Delay, Delay, Delay
The lawless tweaking of Obamacare’s provisions continues.
Mar 17, 2014, Vol. 19, No. 26 • By JAY COST
Another week, another Obamacare delay, improvised by the administration. The latest is particularly laughable. It seems the administration miscalculated when it first decided to delay Obamacare’s mandated minimum coverage requirements for health insurance. According to the Hill: “A one-year moratorium pushed the deadline beyond the midterm election, but insurers must send out cancellation notices 90 days in advance. That would mean notices in the mail by October 1, five weeks before voters go to the polls.” So now Obama will extend the deadline even further, lest voters realize before pulling the lever that they’re about to lose health insurance plans the administration deems substandard.
Conservatives let out a collective chuckle over this news, but only to keep from sobbing. After all, what does this say about the rule of law in the United States? Ours is supposed to be a system of checks and balances: The legislature drafts the laws; the executive implements them; the courts interpret them. How has the administration gotten away with assuming all three roles? This cannot be a sign of a well-functioning republic.
James Madison’s description in Federalist 51 sounds like a smoothly operating governmental machine. “Ambition must be made to counteract ambition,” was how he put it. The idea is that our government would be self-correcting. Any transgression by one branch would bring a rebuke from another, thus preserving a balance.
But the rule of law has regularly been sacrificed at the altar of presidential ambition. Madison himself was the architect of a foreign policy that saw executive encroachments that would raise an eyebrow even today. During the Jefferson administration, the government sought to restrain trade with Britain and France, and in so doing the president strong-armed state governments and sought to use the Navy as a domestic police force.
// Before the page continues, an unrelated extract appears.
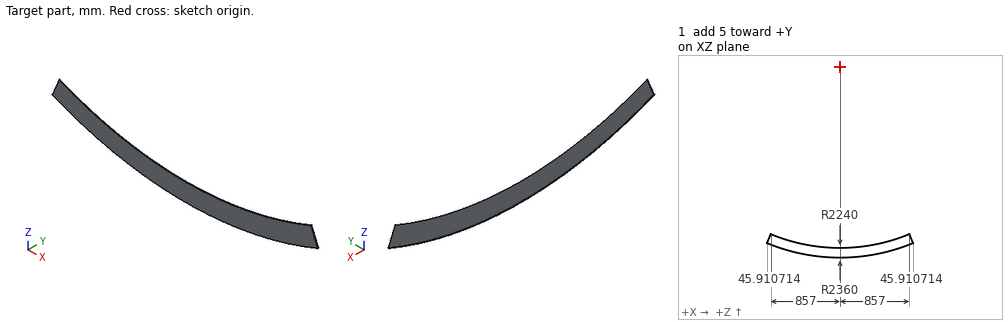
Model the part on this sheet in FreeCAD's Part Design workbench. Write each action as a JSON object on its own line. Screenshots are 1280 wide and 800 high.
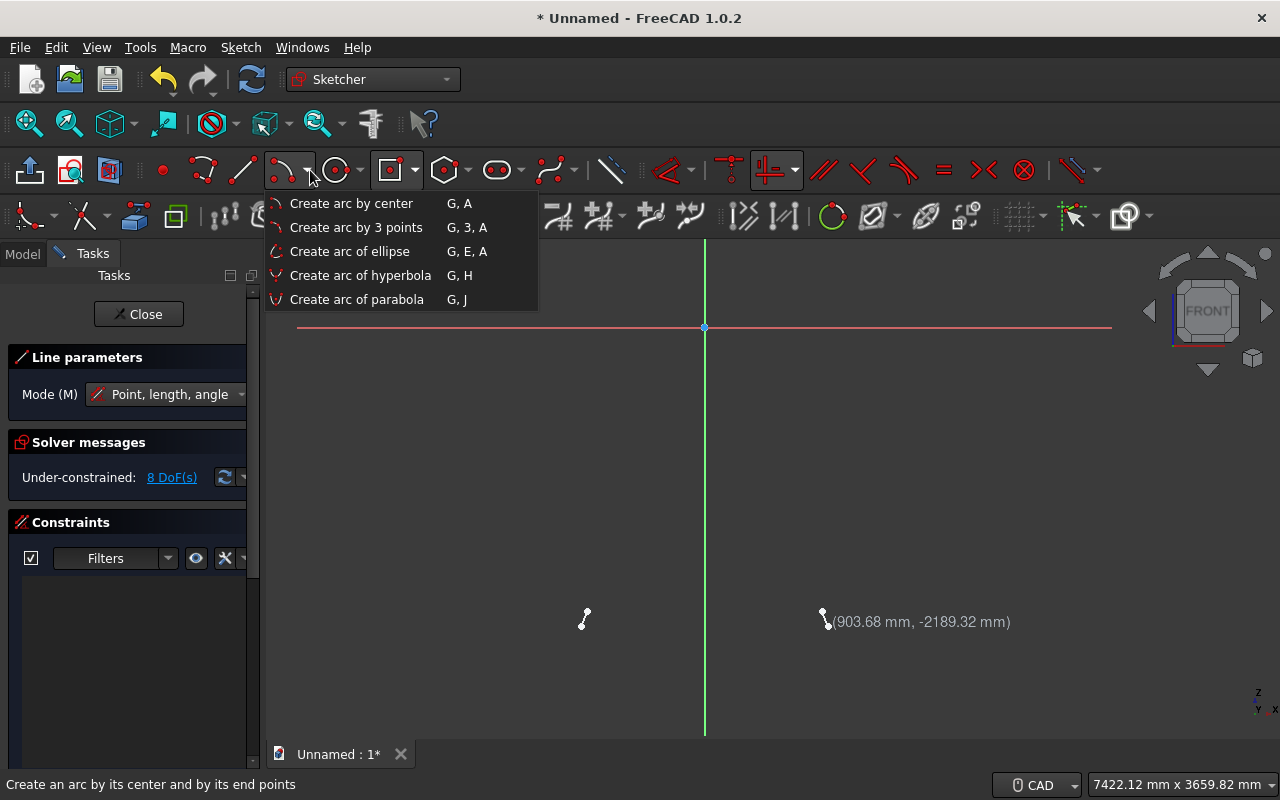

A generation later, the capricious Andrew Jackson would regularly mistake his political self-interest for the public good. Celebrated as a staunch nationalist for standing up to the South Carolina nullifiers, Jackson looked the other way when Georgia ignored the (federally guaranteed) treaty rights of Native Americans because it furthered a policy goal of his. Worse, he acted in a blatantly illegal fashion by removing Treasury deposits from the Second Bank of the United States and placing the money in banks controlled by his supporters.
Teddy Roosevelt has often been celebrated as a model for vigorous executive action, but as Bowdoin College’s Jean Yarbrough convincingly argues, TR promulgated a theory of executive power during the 1902 coal strike that basically put him above the law. During World War I, the Wilson administration all but ignored the First Amendment as it threw people in jail for opposing a war that was not terribly popular.
FDR would have a similar disregard for the law, at least when it came to the dispensing of federal work relief (read: patronage). FDR and Harry Hopkins deployed jobs and revenue from the Works Progress Administration to undermine the independence of local Democratic party officials. They destroyed Tammany Hall in New York, bankrolled pro-FDR machines in Chicago, Jersey City, and Pittsburgh, and encouraged their cronies to use the WPA to “purge” the Senate of conservative Democrats.
The regularity with which presidents step outside their constitutional limits suggests that the cause is ultimately structural. And indeed it is inherent in our system as it has evolved over the centuries. The Framers were most concerned about congressional encroachment upon the executive and judicial branches. This helps account for why Congress’s powers are enumerated as well as why there are two chambers of Congress.
The Framers did not anticipate the modern presidency. The democratization of the presidential office did more than anything to disrupt the original design, ironic considering that the efforts of Madison and Jefferson in the 1800 presidential contest began this transformation.
A democratic presidency has had two profound effects. First, it gave rise to the idea that the president is the tribune of the people, the sole representative of the public good, and therefore endowed with authority that is not necessarily laid out in the Constitution. Jackson, TR, and Wilson all contributed mightily to the development of this viewpoint, and from there it is but a hop, skip, and a jump to ignoring Congress, the courts, and the law itself. And because this argument implicitly flatters the voters, it’s harder for opponents to prevail in the court of public opinion.